Figure 1. Heparanase stimulates syndecan clustering, Rac1 activation, and cell spreading

A. Syndecan-1 clustering and cell spreading. U87 glioma cells were serum starved for 24 h and were then incubated with control scrambled peptide (Scr; upper panel, left), KKDC peptide (50 μM, upper panel, right) or heparanase (Hepa; 1 μg/ml; upper panel, middle) for 1 h. Cells were then gently washed, fixed with cold methanol and subjected to fluorescent staining with anti-syndecan-4 antibody (green) merged with nuclear staining (red; upper panels). Cells were similarly stained with anti-syndecan-4 (green) and anti-heparanase (red) antibodies, merged with nuclear staining (blue; second panels). Co-localization of syndecan and heparanase in endocytic vesicles appears yellow. Cell spreading. Human fibroblasts were plated on the 110 kDa fibronectin-like protein and incubated with heparanase (Hepa; 1μg/ml) or the KKDC/Scr peptides (50 μM) for 1 h. Cells were then fixed with 4% paraformaldehyde and double stained with phalloidin-TRITC (red) and anti-vinculin (green) antibody (lower panels). Cells treated with heparanase or with the KKDC peptide appeared spread and formed more focal adhesions. B. Hpa2c clusters syndecan but fails to get internalized. Cal-27 tongue carcinoma cells were left untreated (Con, upper panels) or incubated with Hpa2c (second panels) protein for 30 min. Cells were then fixed and subjected to immunofluorescent staining applying anti-syndecan-1 (left panels, green) and anti-Hpa2 (Ab58, red). Merge images are shown in the right panels together with nuclear staining (blue). Note, that Hpa2 clusters syndecan-1 but fails to get internalized. C. Rac1 activation. U87 cells were kept in serum-free medium for 24 h and were then stimulated with the KKDC/Scr peptides (50 μM), wild type (Hepa; 1 μg/ml) or double mutated (DM; Glu₂₂₅, Glu₃₄₃) heparanase proteins for 30 min. Cell lysates were then subjected to pull-down with GST-PAK-agarose beads for detection of active Rac1 (upper panel) and subjected to immunoblotting with anti-Rac1 antibody (lower panel) (32). D. Hpa2c exerts high affinity to heparin/HS. HEK293 cells stably transfected with Myc-tagged heparanase or Hpa2c gene constructs were incubated without (0) or with the indicated concentration of heparin, heparan sulfate (HS), or hyaluronic acid (HA) and the conditioned medium was subjected to immunoblotting applying anti-Myc antibody.

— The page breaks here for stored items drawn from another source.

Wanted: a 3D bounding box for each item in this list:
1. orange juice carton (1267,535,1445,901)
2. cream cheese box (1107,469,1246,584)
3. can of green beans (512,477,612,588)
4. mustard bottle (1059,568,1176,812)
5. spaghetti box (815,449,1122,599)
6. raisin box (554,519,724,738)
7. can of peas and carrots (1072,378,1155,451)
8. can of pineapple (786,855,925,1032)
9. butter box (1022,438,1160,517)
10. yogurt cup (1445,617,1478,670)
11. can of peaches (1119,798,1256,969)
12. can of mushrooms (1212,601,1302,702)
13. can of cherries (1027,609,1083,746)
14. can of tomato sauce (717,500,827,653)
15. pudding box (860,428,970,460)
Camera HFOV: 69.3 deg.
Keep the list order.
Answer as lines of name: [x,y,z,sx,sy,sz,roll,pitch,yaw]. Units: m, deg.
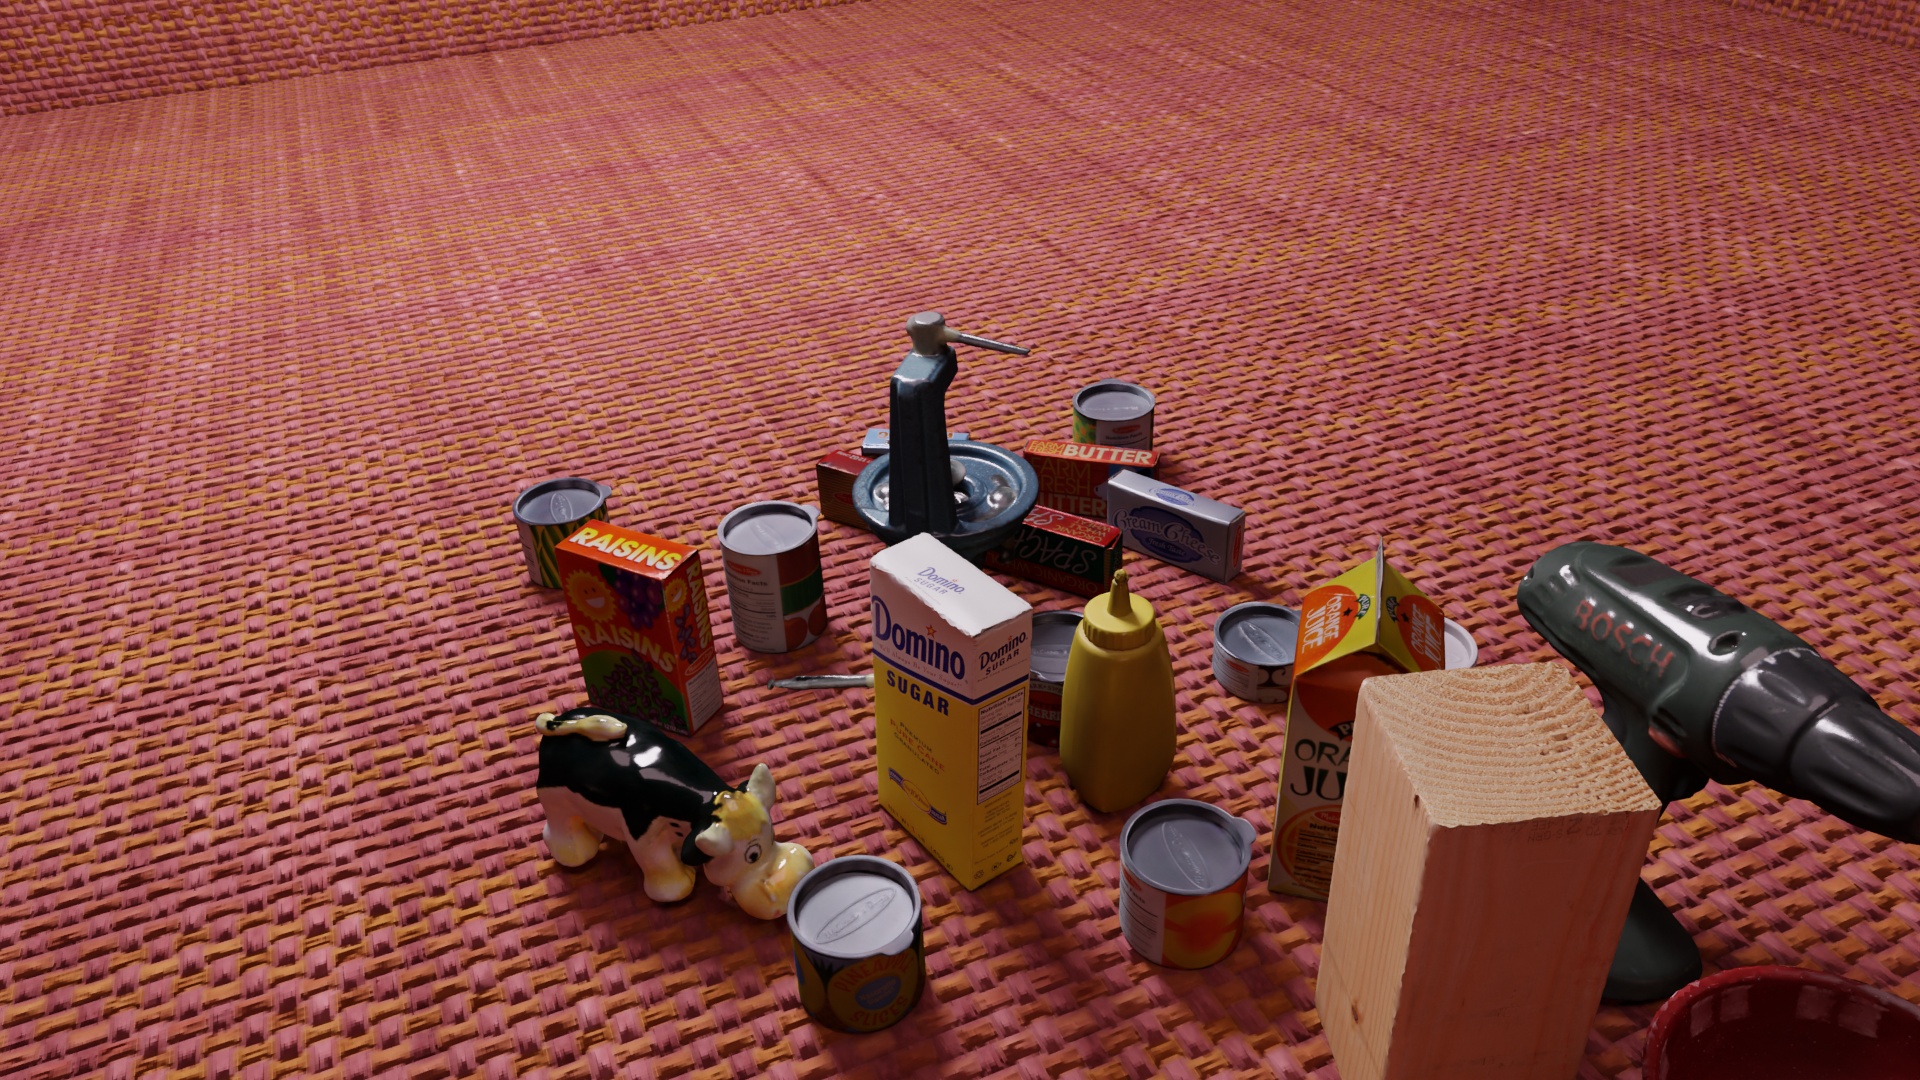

Figure 2. HS-dependent and -independent function of heparanase

A. Clustering of syndecan family members, and possibly glypicans, by the KKDC peptide dimer or the two heparin binding domains of heparanase facilitates cell-adhesion and cell-spreading [32, 68]. Enhanced cell adhesion and spreading is mediated by the recruitment and activation of PKCα, Rac1, and Src. B. Heparanase is also thought to interact with heparanase-binding cell surface protein/receptor(s), leading to HS-independent Akt, p38, and Src activation. This results in enhanced transcription of genes such as vascular endothelial growth factor (VEGF-A, VEGF-C) [82, 105], tissue factor (TF) [81], and Cox2 [106], and further contributes to cell adhesion, spreading and motility. Src activation, in turn, phosphorylates a number of substrates including the EGFR, leading to increased cell proliferation and tumorigenesis [47, 83].